== INFORMATION GIVEN
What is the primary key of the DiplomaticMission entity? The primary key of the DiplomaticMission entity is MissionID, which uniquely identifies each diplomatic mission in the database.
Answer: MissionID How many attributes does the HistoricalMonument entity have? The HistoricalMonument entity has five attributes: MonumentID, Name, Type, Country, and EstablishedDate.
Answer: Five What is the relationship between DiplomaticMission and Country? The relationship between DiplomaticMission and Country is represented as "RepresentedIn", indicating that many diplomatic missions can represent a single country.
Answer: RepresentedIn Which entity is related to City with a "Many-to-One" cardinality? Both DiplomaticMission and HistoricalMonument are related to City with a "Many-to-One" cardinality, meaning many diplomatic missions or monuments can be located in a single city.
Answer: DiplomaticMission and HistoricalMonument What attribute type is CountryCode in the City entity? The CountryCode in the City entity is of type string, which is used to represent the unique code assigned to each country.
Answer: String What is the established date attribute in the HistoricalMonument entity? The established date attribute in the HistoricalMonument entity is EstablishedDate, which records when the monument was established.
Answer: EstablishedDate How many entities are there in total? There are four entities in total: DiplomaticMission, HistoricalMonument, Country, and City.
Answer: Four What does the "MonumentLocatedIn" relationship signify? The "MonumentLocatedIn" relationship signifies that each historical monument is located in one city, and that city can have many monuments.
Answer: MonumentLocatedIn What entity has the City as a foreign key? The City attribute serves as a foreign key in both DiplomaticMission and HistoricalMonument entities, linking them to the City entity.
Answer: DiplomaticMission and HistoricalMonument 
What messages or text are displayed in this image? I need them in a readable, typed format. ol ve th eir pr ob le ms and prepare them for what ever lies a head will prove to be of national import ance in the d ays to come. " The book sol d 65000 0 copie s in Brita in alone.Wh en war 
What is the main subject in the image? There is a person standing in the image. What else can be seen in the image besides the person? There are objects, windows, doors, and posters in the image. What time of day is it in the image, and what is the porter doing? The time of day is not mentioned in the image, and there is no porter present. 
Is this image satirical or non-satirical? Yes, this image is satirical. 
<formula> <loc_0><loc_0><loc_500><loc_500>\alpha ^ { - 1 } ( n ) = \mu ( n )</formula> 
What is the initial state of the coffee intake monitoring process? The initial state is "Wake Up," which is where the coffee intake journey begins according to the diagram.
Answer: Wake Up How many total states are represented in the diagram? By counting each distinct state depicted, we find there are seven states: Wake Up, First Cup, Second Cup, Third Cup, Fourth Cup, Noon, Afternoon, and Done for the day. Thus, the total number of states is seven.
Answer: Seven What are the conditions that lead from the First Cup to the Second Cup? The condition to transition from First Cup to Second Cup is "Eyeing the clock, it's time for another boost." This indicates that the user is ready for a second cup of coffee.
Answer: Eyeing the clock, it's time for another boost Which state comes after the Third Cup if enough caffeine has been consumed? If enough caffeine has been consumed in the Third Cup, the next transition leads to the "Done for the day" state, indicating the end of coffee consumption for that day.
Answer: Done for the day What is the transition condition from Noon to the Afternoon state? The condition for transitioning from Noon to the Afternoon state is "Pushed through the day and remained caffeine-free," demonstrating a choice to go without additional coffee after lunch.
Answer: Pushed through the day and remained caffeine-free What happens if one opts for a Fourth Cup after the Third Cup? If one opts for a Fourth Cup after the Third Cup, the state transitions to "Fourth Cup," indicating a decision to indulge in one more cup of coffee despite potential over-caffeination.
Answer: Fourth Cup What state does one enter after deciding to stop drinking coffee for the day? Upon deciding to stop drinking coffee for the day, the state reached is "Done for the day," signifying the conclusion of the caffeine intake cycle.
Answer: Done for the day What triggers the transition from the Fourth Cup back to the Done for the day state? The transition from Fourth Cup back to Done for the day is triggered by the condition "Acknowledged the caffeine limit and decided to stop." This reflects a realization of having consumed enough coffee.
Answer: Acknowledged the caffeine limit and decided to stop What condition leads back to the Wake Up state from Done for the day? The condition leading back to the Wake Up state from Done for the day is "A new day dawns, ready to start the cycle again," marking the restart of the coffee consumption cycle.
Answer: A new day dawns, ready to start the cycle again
====
= THE PROBLEM =
Copy each line of the records containing the string "there".

= TASK RESULT =
Answer: EstablishedDate How many entities are there in total? There are four entities in total: DiplomaticMission, HistoricalMonument, Country, and City.
What is the main subject in the image? There is a person standing in the image. What else can be seen in the image besides the person? There are objects, windows, doors, and posters in the image. What time of day is it in the image, and what is the porter doing? The time of day is not mentioned in the image, and there is no porter present. 
Answer: Wake Up How many total states are represented in the diagram? By counting each distinct state depicted, we find there are seven states: Wake Up, First Cup, Second Cup, Third Cup, Fourth Cup, Noon, Afternoon, and Done for the day. Thus, the total number of states is seven.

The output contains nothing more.